Receiving Wide Coverage ...
Yellen Speaks: Risk management still leaves something to be desired at the largest banks, Fed Chair Janet Yellen said during a congressional hearing on Wednesday. "While we have seen some evidence of improved risk management, internal controls, and governance … compliance breakdowns in recent years have undermined confidence," Yellen testified before the House Financial Services Committee.
The 16 largest banks were Yellen's target and she pointedly told those banks (though not naming any explicitly) to address the issues "directly and comprehensively." Regulators haven't been satisfied with banks' submitted living wills and Yellen indicated she and the Fed may be considering a directive that banks make "significant changes" if the new round of living wills doesn't pass muster.
The New York Times, Financial Times and Washington Post attempted to parse Yellen's comments, body language, nervous tics, etc., for any indicator on how the Fed is leaning on the subject of raising interest rates. Good signals (if you want rates to rise): The economy is "performing well" and "it could be appropriate" to raise rates in December. Bad sign: Instead of focusing so much "on the initial move … markets and the public should be thinking about the entire path of policy rates over time," she said. And, she said, "no decision at all has been made" on whether to raise rates in December.
American Banker's coverage focused on the lack of an appointment of a vice chairman, small bank regulation, executive compensation and living wills. Wall Street Journal, New York Times, Washington Post, Financial Times, American Banker
Bitcoin Is Back: The Journal and Times each observe the price of bitcoin has risen of late. Does that mean bitcoin is here to stay? Some of the signs indicate it is. The Journal notes the European Union's decision to classify bitcoin as currency and not commodity could give the digital currency the establishment mark of approval it needs. It's also noted the numerous attempts by legitimate companies to study and implement ways to use bitcoin and/or blockchain technology could further its entry into the mainstream.
American Banker notes as much in a story about how USAA is incorporating a new technology into one of its products, to show users their current bitcoin balance. There's also bitcoin's steady rise in price over the past several weeks, climbing above $500 on some exchanges, the Times said.
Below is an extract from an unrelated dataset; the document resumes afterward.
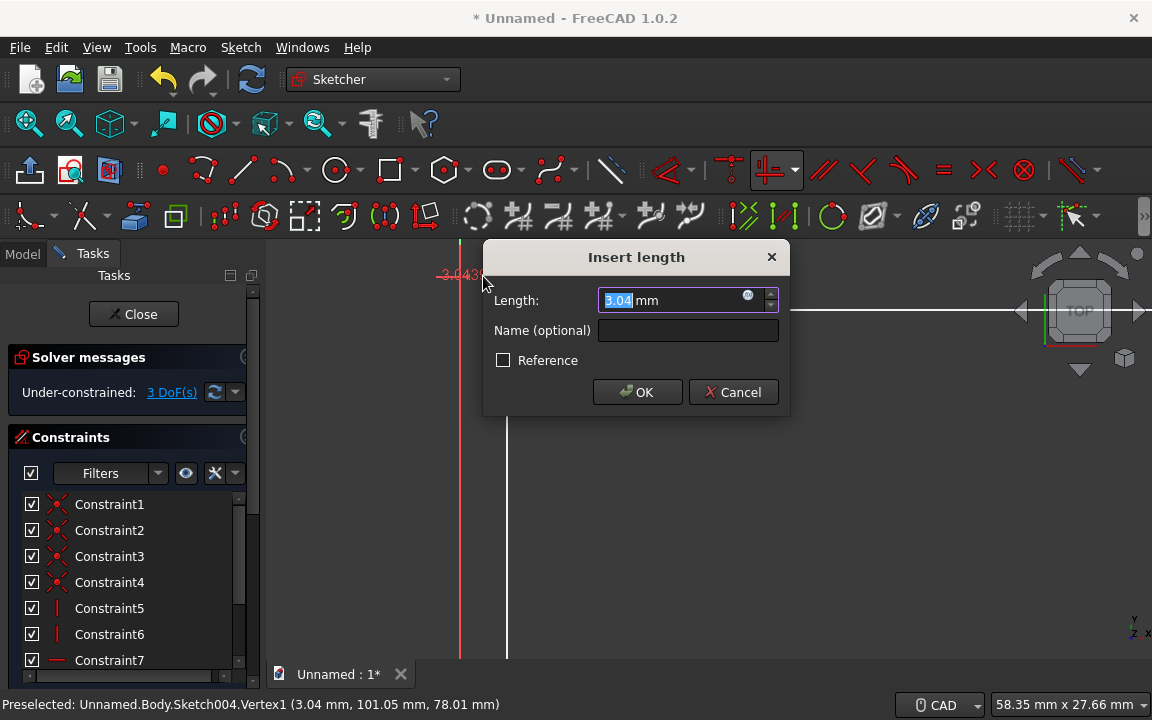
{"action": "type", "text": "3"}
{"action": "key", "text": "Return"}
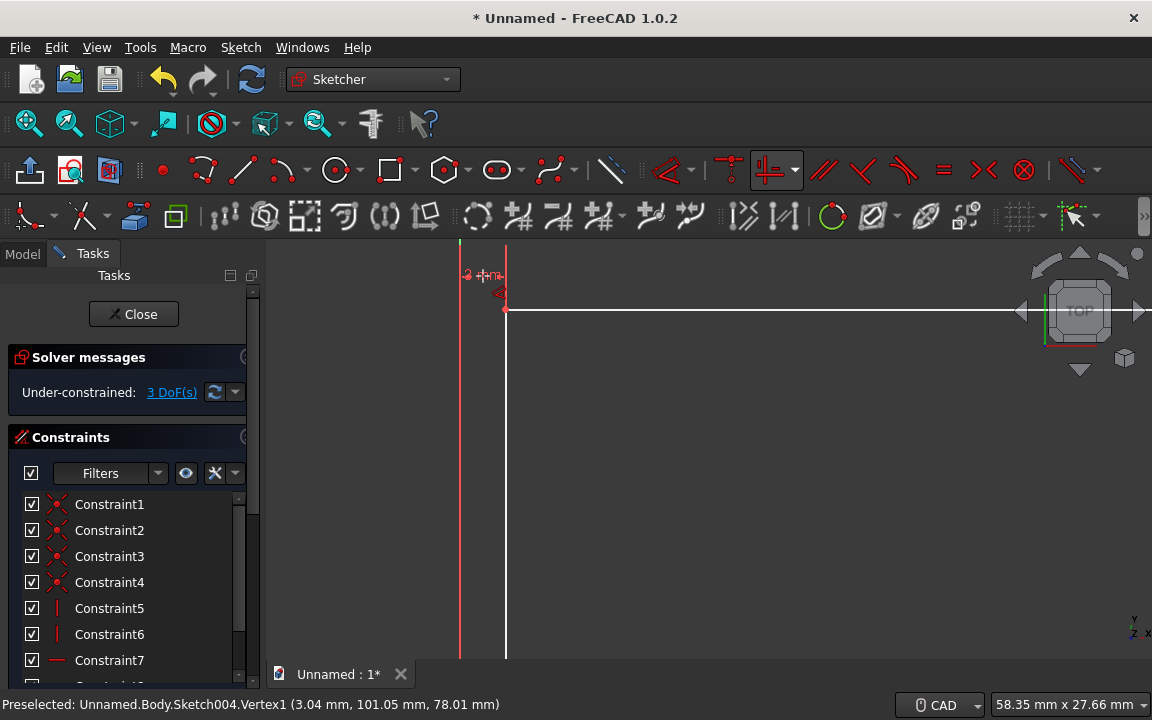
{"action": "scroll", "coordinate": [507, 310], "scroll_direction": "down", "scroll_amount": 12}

But the FT has a story about growing interest in China in a "social financial network" called MMM that appears to be a pyramid scheme; new members of MMM must buy bitcoin to join it. The MMM network was developed by a Russian who has since been jailed for fraud. No wonder banks are so adamant that they're not researching ways to use bitcoin, but instead are looking at the underlying blockchain technology. Wall Street Journal, New York Times, Financial Times, American Banker
Wall Street Journal
Sites like Intuit's Mint, Envestnet's Yodlee and Credit Karma provide consumers with the ability to create a total view of their financial holdings. They do so by aggregating content from multiple financial institutions and synthesizing it into a single point of entry. To achieve this, aggregators ask users to provide their usernames and passwords to access their financial data from multiple providers. At least two big banks want to put a stop to this.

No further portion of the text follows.